The scale of their problems and the sheer pressure of human numbers can be blamed for the assumption, seemingly common to the two Bengals, that they have lost control of their destiny. Or the 1947 partition can be blamed. If that won’t do, it can be traced back even further, to 1912, when the British moved the viceregal capital from Calcutta -where it had been growing and simultaneously moldering for some 155 years – inland to Delhi, partly to diminish the influence of the difficult, radical Bengalis who were already experimenting with revolutionary violence.
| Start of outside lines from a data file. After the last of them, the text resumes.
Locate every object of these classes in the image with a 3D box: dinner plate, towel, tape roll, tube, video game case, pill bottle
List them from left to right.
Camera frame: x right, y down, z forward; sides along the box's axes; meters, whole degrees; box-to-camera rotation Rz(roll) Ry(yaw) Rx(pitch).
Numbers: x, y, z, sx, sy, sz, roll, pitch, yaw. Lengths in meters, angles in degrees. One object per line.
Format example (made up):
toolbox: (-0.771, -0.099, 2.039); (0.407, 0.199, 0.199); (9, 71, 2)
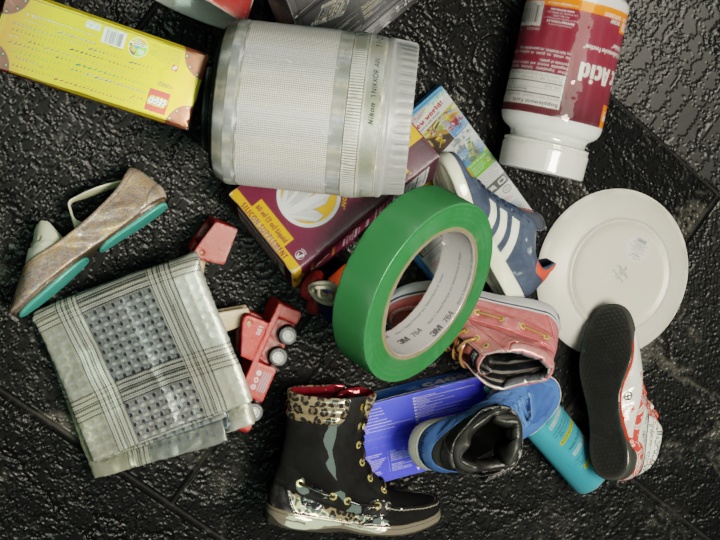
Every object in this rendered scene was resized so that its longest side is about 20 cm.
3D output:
towel: (-0.223, 0.104, 1.489); (0.191, 0.035, 0.201); (-19, 101, 3)
tape roll: (0.055, 0.014, 1.456); (0.200, 0.048, 0.201); (-34, 140, -34)
video game case: (0.094, -0.084, 1.602); (0.143, 0.018, 0.200); (-41, 108, -8)
tube: (0.212, 0.175, 1.657); (0.200, 0.050, 0.078); (49, 44, -21)
pill bottle: (0.220, -0.206, 1.573); (0.113, 0.114, 0.202); (10, 95, -19)
dinner plate: (0.301, 0.005, 1.680); (0.199, 0.024, 0.202); (-3, 99, -19)

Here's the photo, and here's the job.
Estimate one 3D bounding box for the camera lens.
camera lens: (-0.049, -0.156, 1.393); (0.198, 0.160, 0.161); (7, 97, 1)

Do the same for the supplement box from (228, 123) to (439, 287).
supplement box: (-0.027, -0.090, 1.506); (0.200, 0.086, 0.111); (-39, 83, -8)

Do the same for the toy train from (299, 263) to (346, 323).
toy train: (0.000, 0.000, 1.495); (0.084, 0.200, 0.116); (34, 79, 11)

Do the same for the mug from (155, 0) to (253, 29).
mug: (-0.155, -0.366, 1.421); (0.177, 0.133, 0.201); (24, 87, -21)

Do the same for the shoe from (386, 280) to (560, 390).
shoe: (0.117, 0.071, 1.558); (0.198, 0.091, 0.072); (7, 128, 6)

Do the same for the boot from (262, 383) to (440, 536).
boot: (-0.002, 0.203, 1.542); (0.198, 0.073, 0.152); (4, 98, -13)

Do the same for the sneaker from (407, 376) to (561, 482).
sneaker: (0.159, 0.168, 1.541); (0.199, 0.111, 0.077); (-17, 100, -28)

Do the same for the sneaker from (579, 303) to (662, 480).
sneaker: (0.307, 0.143, 1.676); (0.108, 0.067, 0.203); (10, 78, -59)

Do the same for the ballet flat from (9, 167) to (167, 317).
ballet flat: (-0.291, -0.035, 1.467); (0.200, 0.068, 0.067); (-39, 88, -15)

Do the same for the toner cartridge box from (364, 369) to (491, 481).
toner cartridge box: (0.053, 0.179, 1.614); (0.199, 0.043, 0.096); (-12, 101, -16)

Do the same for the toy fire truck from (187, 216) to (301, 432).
toy fire truck: (-0.143, 0.059, 1.529); (0.140, 0.049, 0.201); (24, 92, -18)

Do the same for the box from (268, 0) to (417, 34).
box: (-0.001, -0.309, 1.471); (0.200, 0.048, 0.159); (-41, 152, -8)

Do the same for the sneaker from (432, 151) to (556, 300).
sneaker: (0.151, -0.060, 1.578); (0.084, 0.075, 0.201); (-35, 118, -8)

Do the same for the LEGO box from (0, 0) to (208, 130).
LEGO box: (-0.264, -0.206, 1.397); (0.199, 0.149, 0.078); (17, 93, -19)

Wherever the Bengali sense of loss begins, it is enough to keep a tiny flame flickering before the icons of a united Bengal.
”We Bengalis feel ourselves to be homogeneous,” a poet from Bangladesh remarked in a recent conversation. ”We are one single whole.” In Dhaka, where the best Bengali poetry is now being produced, writing pure Bengali becomes a kind of protest. Just as they did in the Pakistan period, writers resist pressure from Islamic fundamentalists and military censors to use more words of Persian and Urdu origins so as to cut themselves off from the predominantly Hindu literary elite on the other side of the border.
The idea of a united Bengal may not be quite dead, but it is hard to see how it would be a solution for the problem of mass poverty. Adding Calcutta’s urban misery to Bangladesh’s rural misery hardly sounds like a recipe for prosperity. India would certainly not want to annex Bangladesh – it has enough problems already – and, in any event, the genie of Bengali nationalism is already out of the bottle, often defining itself in proud antagonism to its larger and more powerful neighbor. So long as they remain apart, Bengalis will find it easy to remain sentimental about their shared identity. But there is usually a mental reservation. It is the suspicion, amounting to a certainty, that if they were ever reunited, their separate identities as Hindus and Moslems might pull them apart all over again in the competition for power, influence and jobs.
What remains is the sense – nurtured by Bengalis through all the years of swelling population, land fragmentation, deteriorating living standards and postponed dreams – that something has to give. ”People want to survive,” the poet said. ”The struggle for survival will lead them to do something. It could change the map again.” If Bengali history is any guide, it might take only a cyclone, a famine or a flood.